Records shown section start
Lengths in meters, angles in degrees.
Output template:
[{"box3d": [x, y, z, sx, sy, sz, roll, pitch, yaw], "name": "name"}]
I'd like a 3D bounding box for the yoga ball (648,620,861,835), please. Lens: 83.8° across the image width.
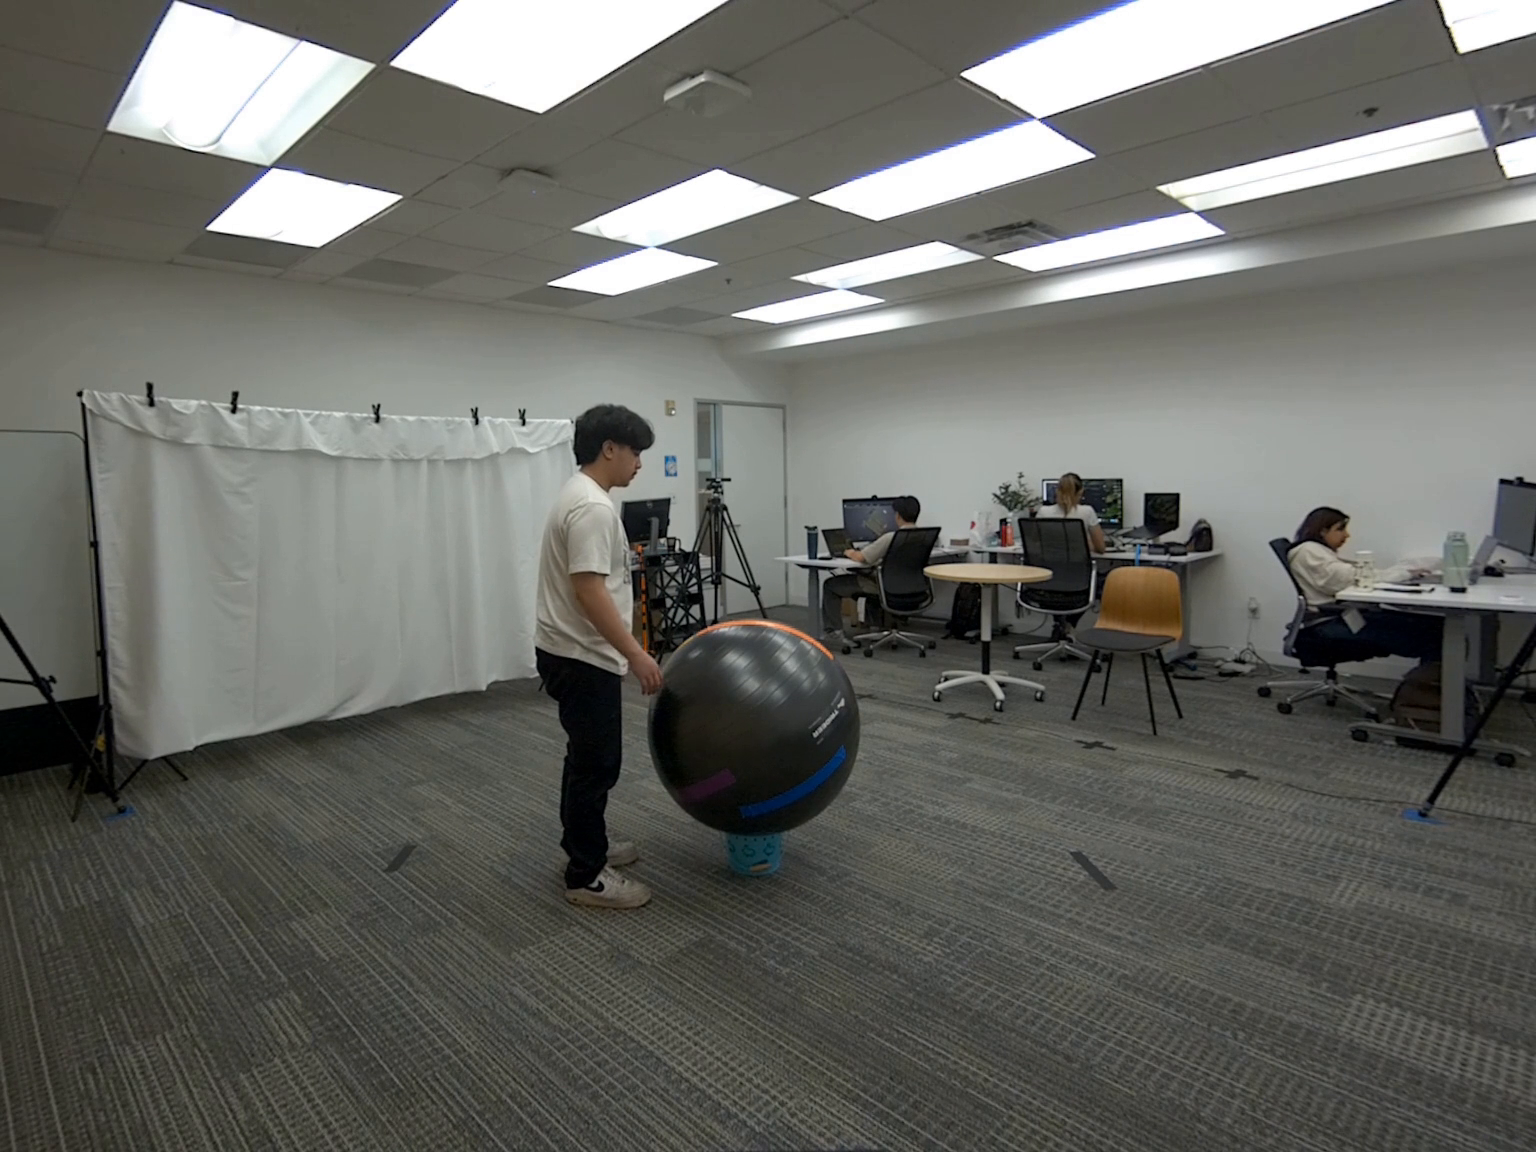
[{"box3d": [-0.048, 0.539, 3.061, 0.757, 0.755, 0.762, -1, 5, -2], "name": "yoga ball"}]
Records shown section end
Restate the records word for word and drop the images.

*Output*:
Lengths in meters, angles in degrees.
Output template:
[{"box3d": [x, y, z, sx, sy, sz, roll, pitch, yaw], "name": "name"}]
I'd like a 3D bounding box for the yoga ball (648,620,861,835), please. Lens: 83.8° across the image width.
[{"box3d": [-0.048, 0.539, 3.061, 0.757, 0.755, 0.762, -1, 5, -2], "name": "yoga ball"}]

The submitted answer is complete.